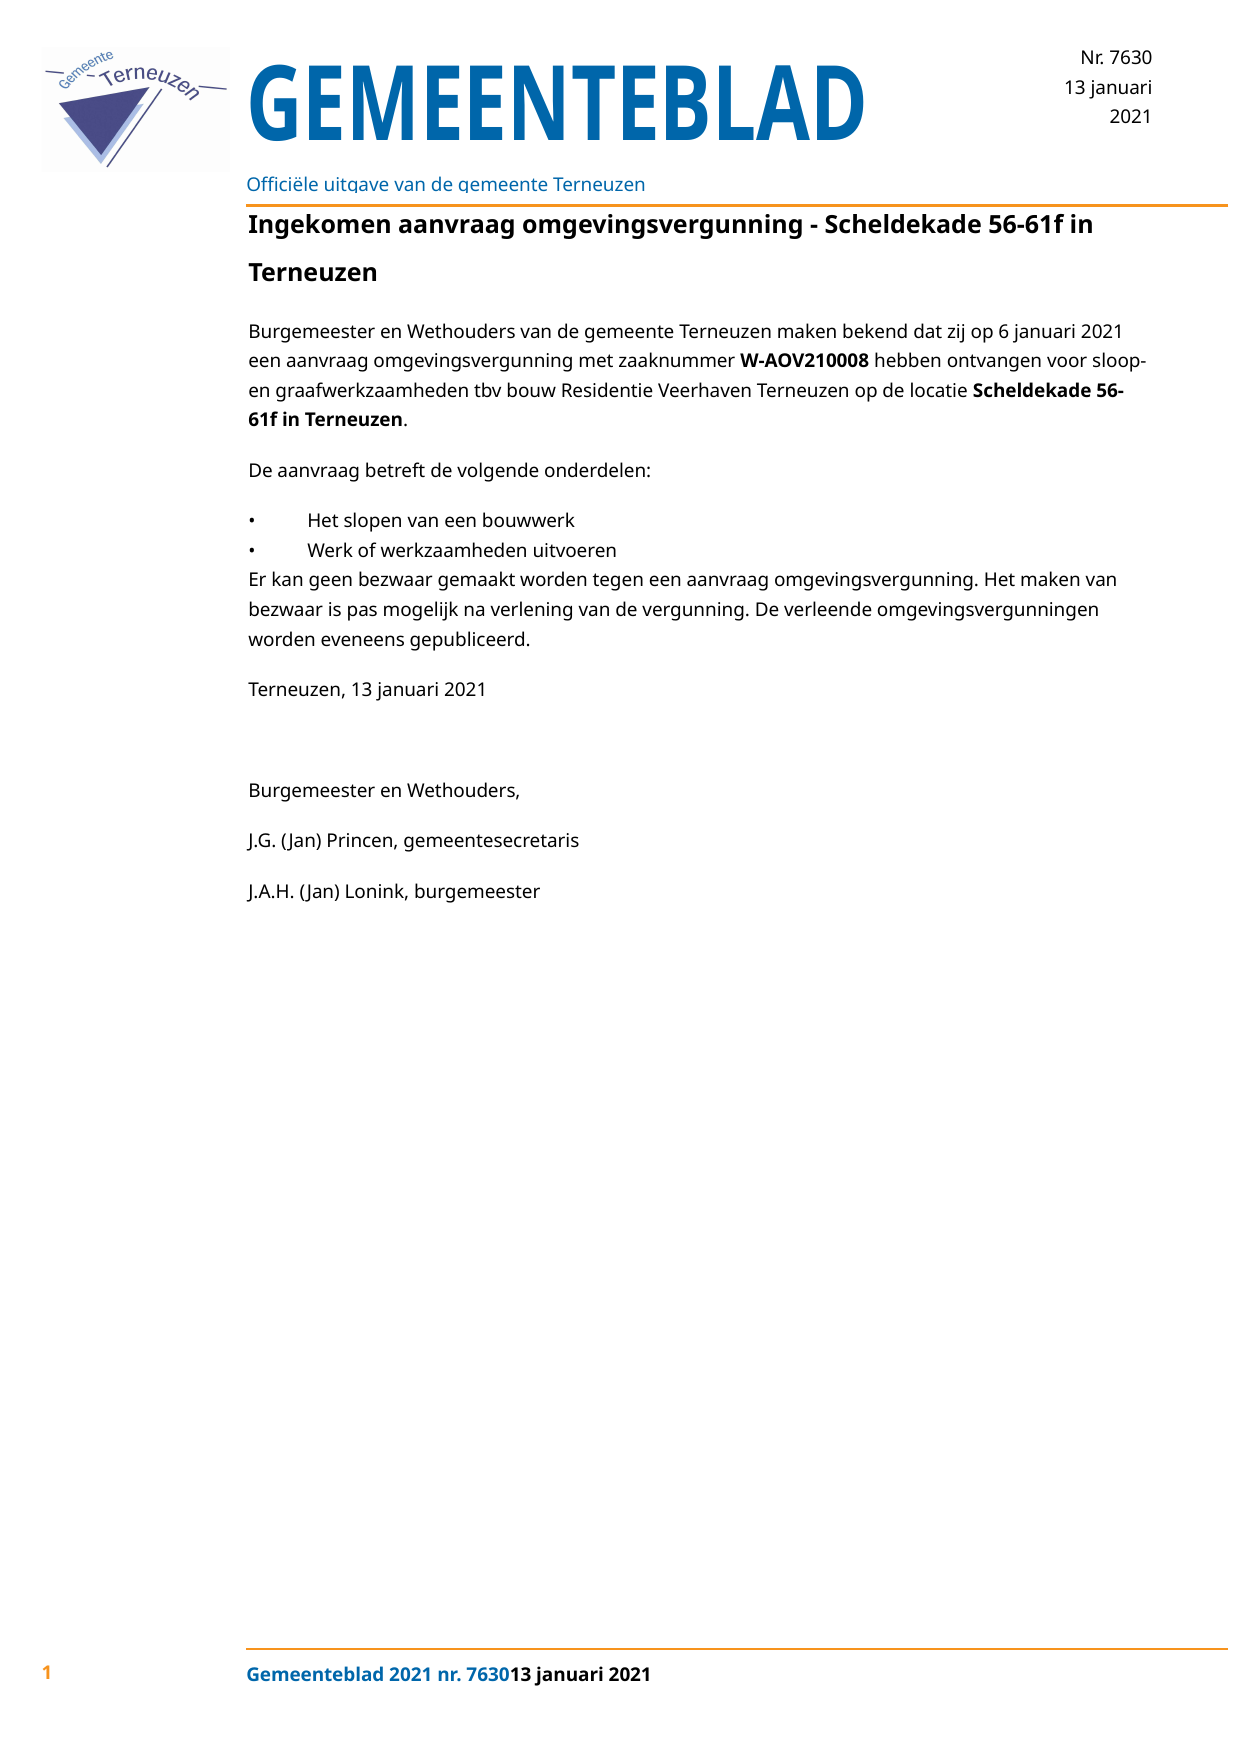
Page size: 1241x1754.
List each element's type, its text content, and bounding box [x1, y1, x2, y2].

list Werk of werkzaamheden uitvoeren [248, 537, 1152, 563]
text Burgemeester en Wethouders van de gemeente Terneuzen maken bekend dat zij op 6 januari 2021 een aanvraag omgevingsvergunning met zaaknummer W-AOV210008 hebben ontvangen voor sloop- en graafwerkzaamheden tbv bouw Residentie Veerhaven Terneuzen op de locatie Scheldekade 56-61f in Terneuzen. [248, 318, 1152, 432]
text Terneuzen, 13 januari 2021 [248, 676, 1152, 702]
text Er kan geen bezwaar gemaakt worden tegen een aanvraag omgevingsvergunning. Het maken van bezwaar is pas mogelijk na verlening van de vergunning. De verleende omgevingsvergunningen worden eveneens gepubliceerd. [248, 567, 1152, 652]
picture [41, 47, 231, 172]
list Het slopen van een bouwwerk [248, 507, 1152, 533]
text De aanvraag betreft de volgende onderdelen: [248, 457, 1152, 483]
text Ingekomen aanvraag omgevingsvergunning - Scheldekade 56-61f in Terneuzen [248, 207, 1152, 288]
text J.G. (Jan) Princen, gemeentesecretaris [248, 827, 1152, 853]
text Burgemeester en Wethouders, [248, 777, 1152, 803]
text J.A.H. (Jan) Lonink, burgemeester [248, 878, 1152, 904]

Work order:
Each entry above is to be given again exactly, and any image in it is to be dropped.

Your solution:
Page size: 1241x1754.
List each element's type, its text content, and bounding box [x1, y1, x2, y2].

list Werk of werkzaamheden uitvoeren [248, 537, 1152, 563]
text Burgemeester en Wethouders van de gemeente Terneuzen maken bekend dat zij op 6 januari 2021 een aanvraag omgevingsvergunning met zaaknummer W-AOV210008 hebben ontvangen voor sloop- en graafwerkzaamheden tbv bouw Residentie Veerhaven Terneuzen op de locatie Scheldekade 56-61f in Terneuzen. [248, 318, 1152, 432]
text Terneuzen, 13 januari 2021 [248, 676, 1152, 702]
text Er kan geen bezwaar gemaakt worden tegen een aanvraag omgevingsvergunning. Het maken van bezwaar is pas mogelijk na verlening van de vergunning. De verleende omgevingsvergunningen worden eveneens gepubliceerd. [248, 567, 1152, 652]
picture [41, 47, 231, 172]
list Het slopen van een bouwwerk [248, 507, 1152, 533]
text De aanvraag betreft de volgende onderdelen: [248, 457, 1152, 483]
text Ingekomen aanvraag omgevingsvergunning - Scheldekade 56-61f in Terneuzen [248, 207, 1152, 288]
text J.G. (Jan) Princen, gemeentesecretaris [248, 827, 1152, 853]
text Burgemeester en Wethouders, [248, 777, 1152, 803]
text J.A.H. (Jan) Lonink, burgemeester [248, 878, 1152, 904]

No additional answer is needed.